Oscar-winning film composer and symphony orchestra conductor Andre Previn died Thursday at his home in Manhattan, his manager confirmed to the New York Times. He was 89.

The former enfant terrible of motion picture scoring and accomplished jazz pianist was honored with four Academy Awards. He won the first two, for best scoring of a musical picture (a category that has since been retired), for “Gigi” and “Porgy & Bess” in 1958 and 1959, respectively, while still in his 20s. He then won two for best adaptation or treatment (another retired sub-category) in 1963 and 1964 for “Irma la Douce” and “My Fair Lady,” respectively.

He later abandoned films to conduct such esteemed orchestras as the London Symphony Orchestra and the Los Angeles Philharmonic.
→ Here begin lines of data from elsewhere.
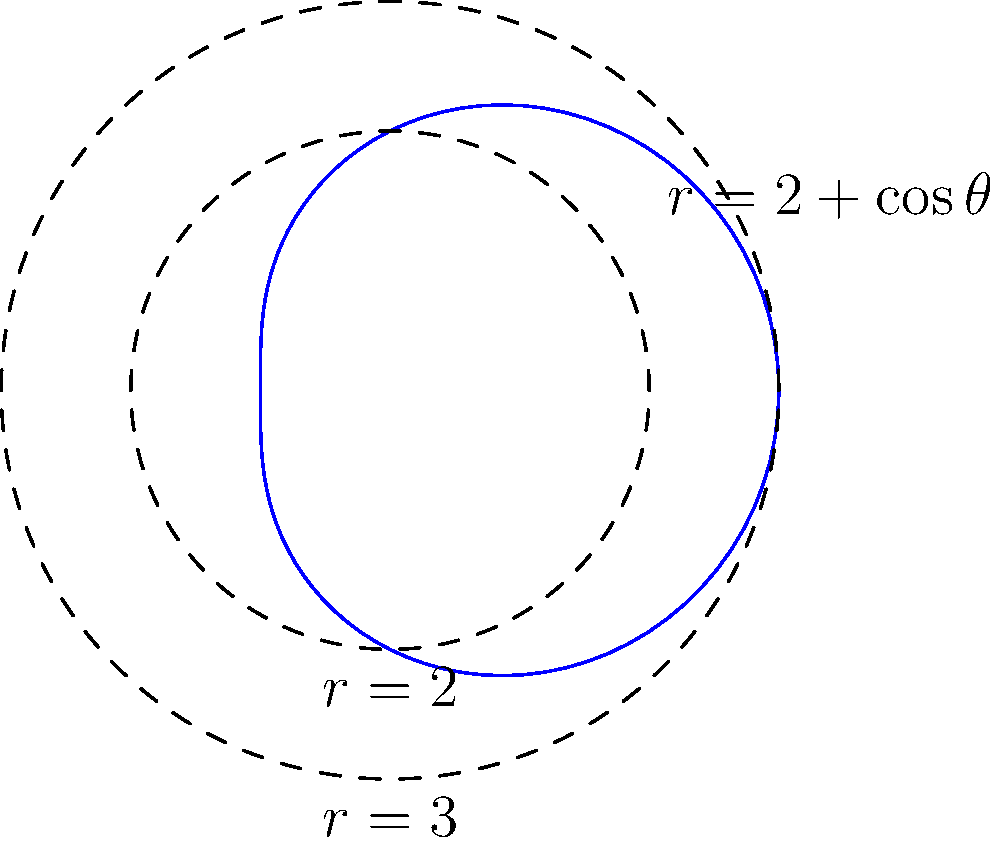In a circular crime scene, the boundary is described by the polar equation $r = 2 + \cos\theta$. Calculate the area of the region enclosed by this curve, given that it lies between two concentric circles with radii 2 and 3. Express your answer in terms of $\pi$. To solve this problem, we'll follow these steps:

1) The area of a region in polar coordinates is given by the formula:

   $$A = \frac{1}{2}\int_a^b [r(\theta)]^2 d\theta$$

2) In this case, $r(\theta) = 2 + \cos\theta$, and we need to integrate from 0 to $2\pi$:

   $$A = \frac{1}{2}\int_0^{2\pi} (2 + \cos\theta)^2 d\theta$$

3) Expand the integrand:

   $$(2 + \cos\theta)^2 = 4 + 4\cos\theta + \cos^2\theta$$

4) Therefore, our integral becomes:

   $$A = \frac{1}{2}\int_0^{2\pi} (4 + 4\cos\theta + \cos^2\theta) d\theta$$

5) Integrate each term:

   $$A = \frac{1}{2}[4\theta + 4\sin\theta + \frac{1}{2}\theta + \frac{1}{4}\sin(2\theta)]_0^{2\pi}$$

6) Evaluate the integral:

   $$A = \frac{1}{2}[(4 \cdot 2\pi + 0 + \frac{1}{2} \cdot 2\pi + 0) - (0 + 0 + 0 + 0)]$$

   $$A = \frac{1}{2}[8\pi + \pi] = \frac{9\pi}{2}$$

7) However, this is the area of the entire region enclosed by $r = 2 + \cos\theta$. We need to subtract the area of the inner circle and add the area of the outer circle:

   $$A_{final} = \frac{9\pi}{2} - \pi r_1^2 + \pi r_2^2$$
   $$A_{final} = \frac{9\pi}{2} - 4\pi + 9\pi = \frac{23\pi}{2}$$

Thus, the area of the region between the two circles is $\frac{23\pi}{2}$.
Answer: $\frac{23\pi}{2}$ 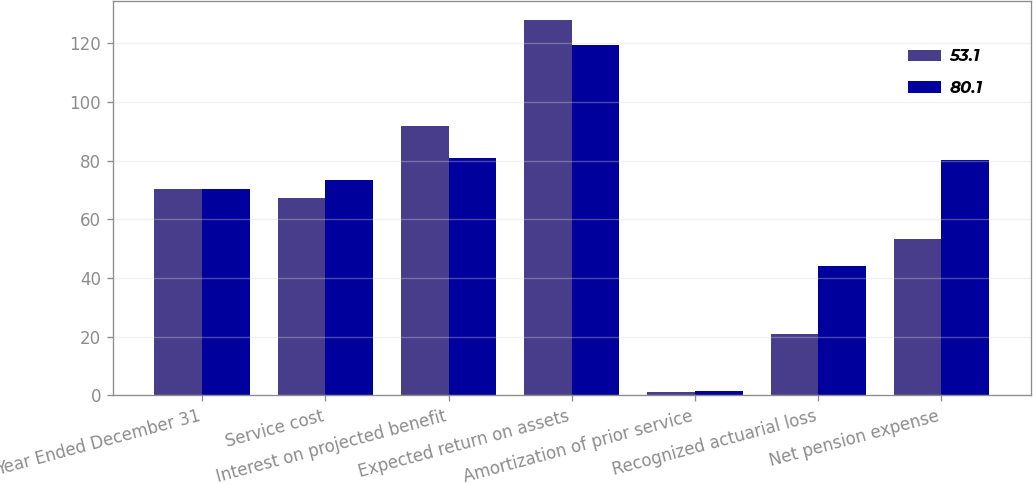Convert chart. <chart><loc_0><loc_0><loc_500><loc_500><stacked_bar_chart><ecel><fcel>Year Ended December 31<fcel>Service cost<fcel>Interest on projected benefit<fcel>Expected return on assets<fcel>Amortization of prior service<fcel>Recognized actuarial loss<fcel>Net pension expense<nl><fcel>53.1<fcel>70.4<fcel>67.3<fcel>91.8<fcel>128<fcel>1.2<fcel>20.8<fcel>53.1<nl><fcel>80.1<fcel>70.4<fcel>73.5<fcel>81<fcel>119.4<fcel>1.3<fcel>44<fcel>80.1<nl></chart> 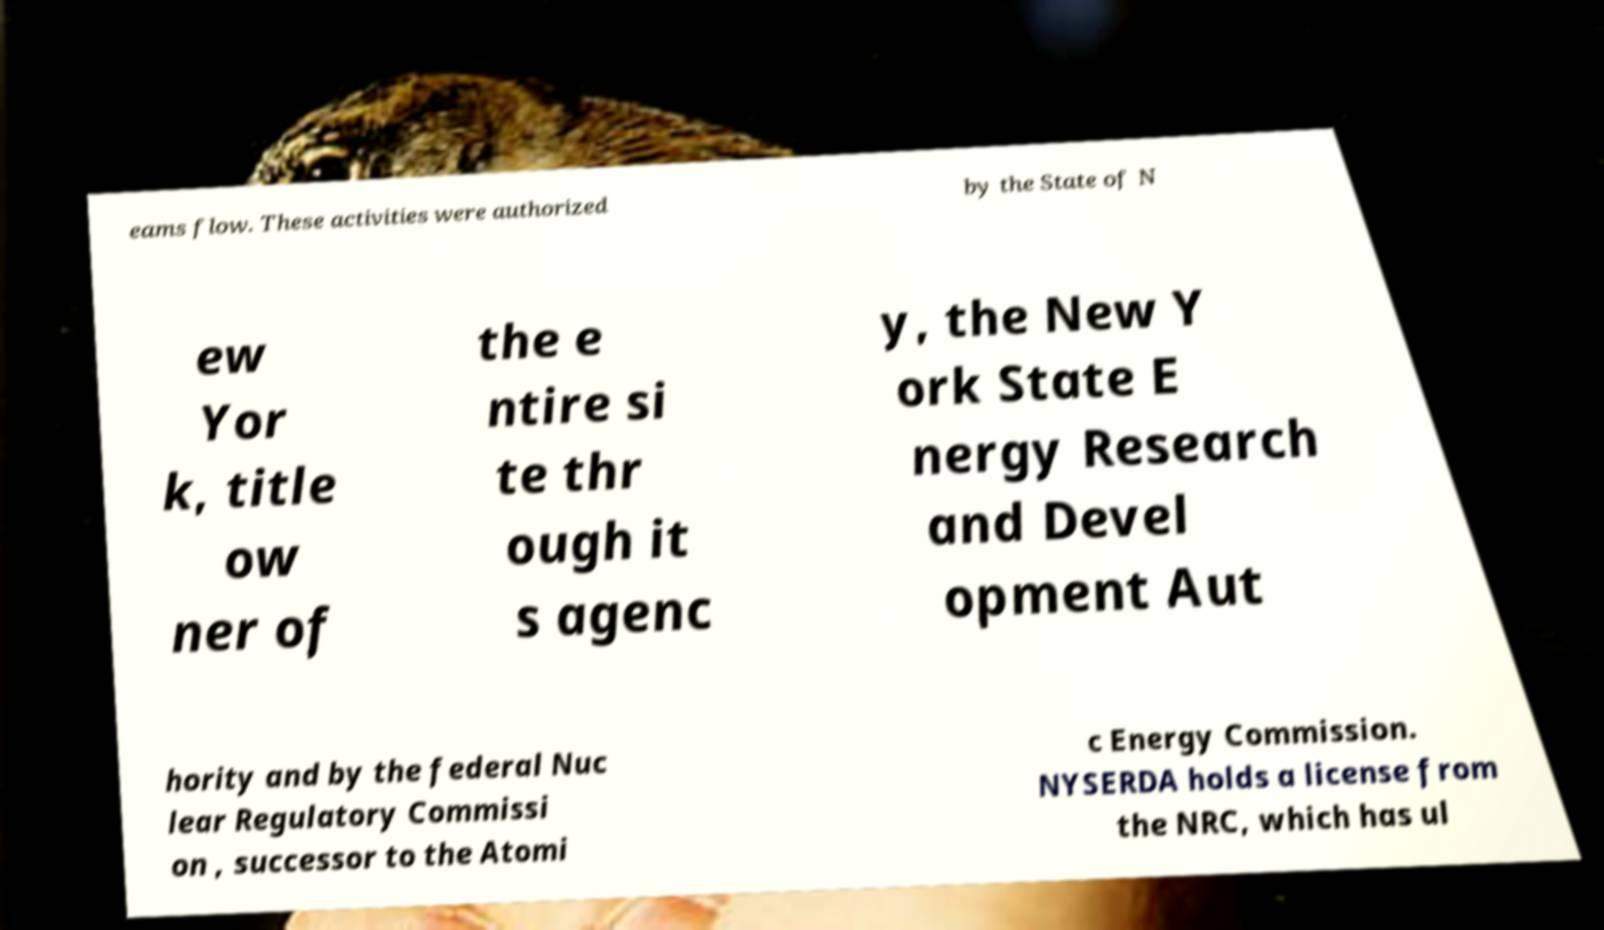I need the written content from this picture converted into text. Can you do that? eams flow. These activities were authorized by the State of N ew Yor k, title ow ner of the e ntire si te thr ough it s agenc y, the New Y ork State E nergy Research and Devel opment Aut hority and by the federal Nuc lear Regulatory Commissi on , successor to the Atomi c Energy Commission. NYSERDA holds a license from the NRC, which has ul 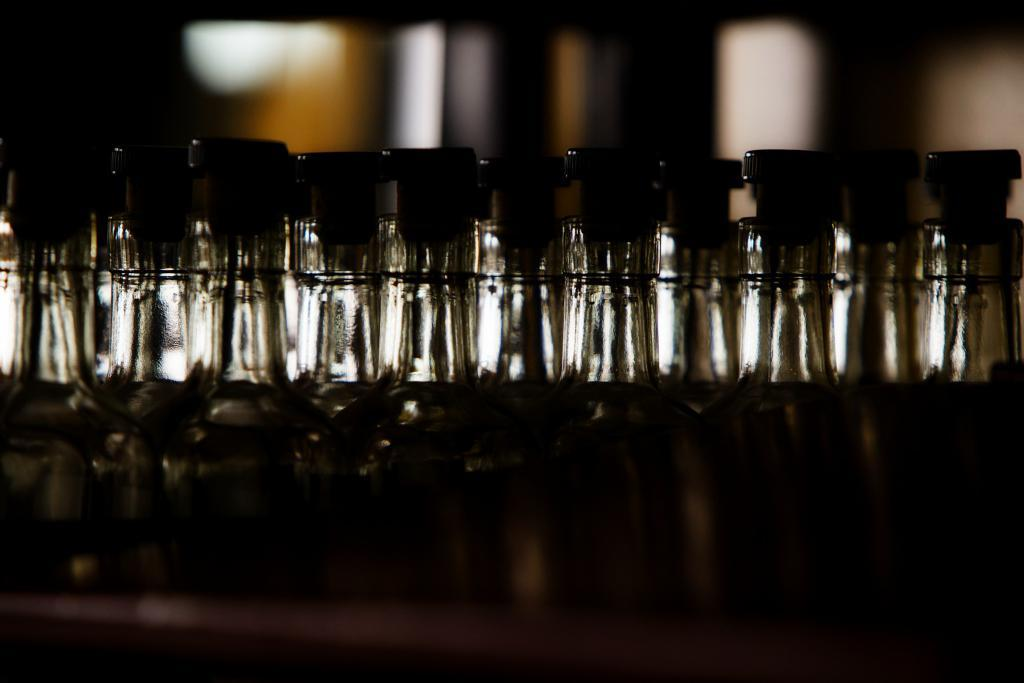What objects can be seen in the image? There are bottles in the image. Can you describe the overall appearance of the image? The image has a dark background or lighting. Where is the bed located in the image? There is no bed present in the image. What type of car can be seen in the front of the image? There is no car present in the image. 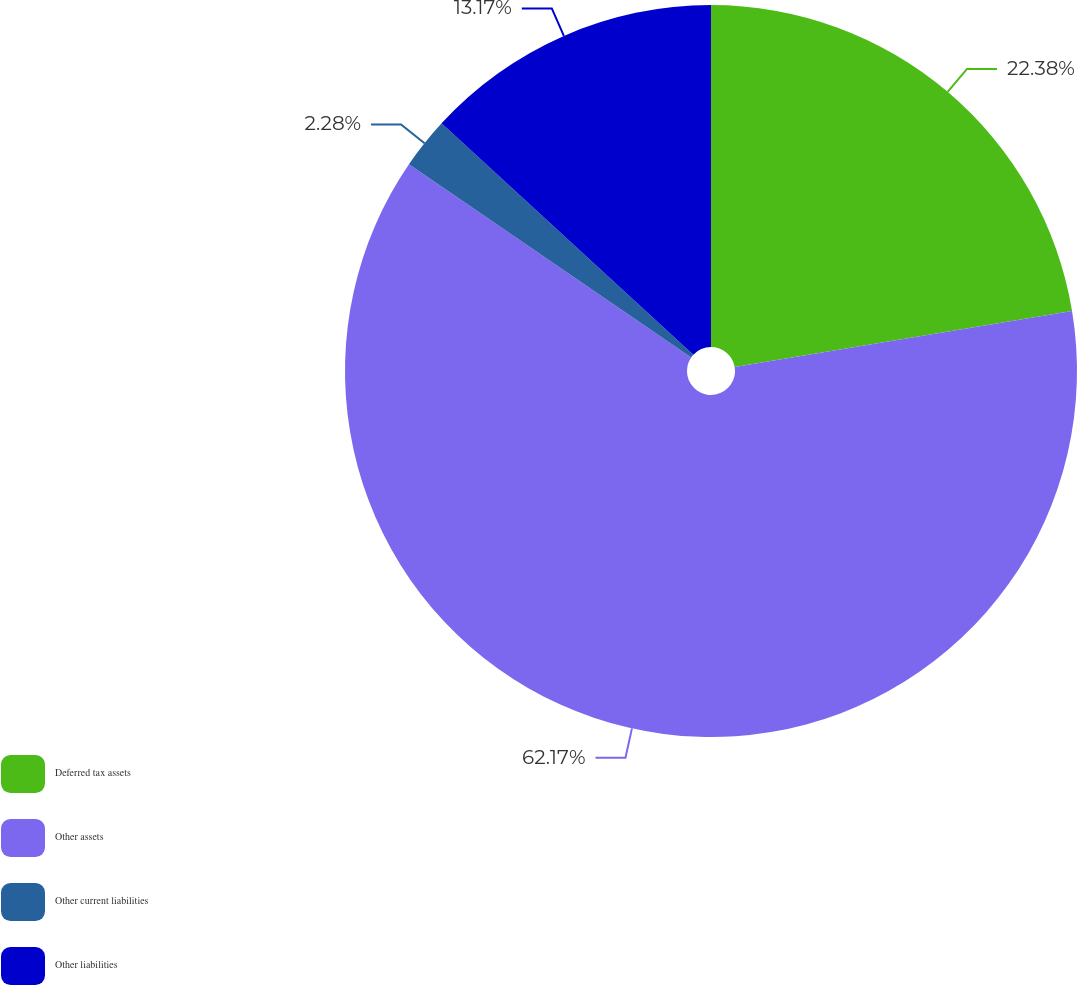Convert chart. <chart><loc_0><loc_0><loc_500><loc_500><pie_chart><fcel>Deferred tax assets<fcel>Other assets<fcel>Other current liabilities<fcel>Other liabilities<nl><fcel>22.38%<fcel>62.18%<fcel>2.28%<fcel>13.17%<nl></chart> 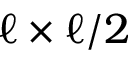<formula> <loc_0><loc_0><loc_500><loc_500>\ell \times \ell / 2</formula>

Previn’s jazz influence was pianist Art Tatum and, from the age of 12, he developed a proficiency in jazz piano, which led to his first film assignment at age 16, while still a senior at Beverly Hills High School (where he teamed musically with songwriter and fellow student Richard M. Sherman). Previn transcribed an improvised jazz number for concert pianist Jose Iturbi to play in the film “Holiday in Mexico.” Over the next few years, Previn worked at MGM — where his great-uncle, Charles Previn, who’d been music director at Universal, did a brief stint — playing rehearsal piano and other odd jobs, including synchronizing film soundtracks.

In 1949 he was given his first original score assignment, “The Sun Comes Up,” a Lassie picture, about which he recalled, “I thought it was easy, but I have since put myself through the wringer of watching it on a television rerun, and it’s the most inept score you ever heard.”

It was, however, good enough to win him a contract as a composer-conductor at MGM, a career that was interrupted by the draft in 1950. During his military stint he wrote arrangements for the Sixth Army band and played in San Francisco jazz spots. Resuming his career in 1952, he adapted such stage musicals as “Kiss Me Kate,” “Kismet,” “Silk Stockings” and “Bells Are Ringing” for the big screen.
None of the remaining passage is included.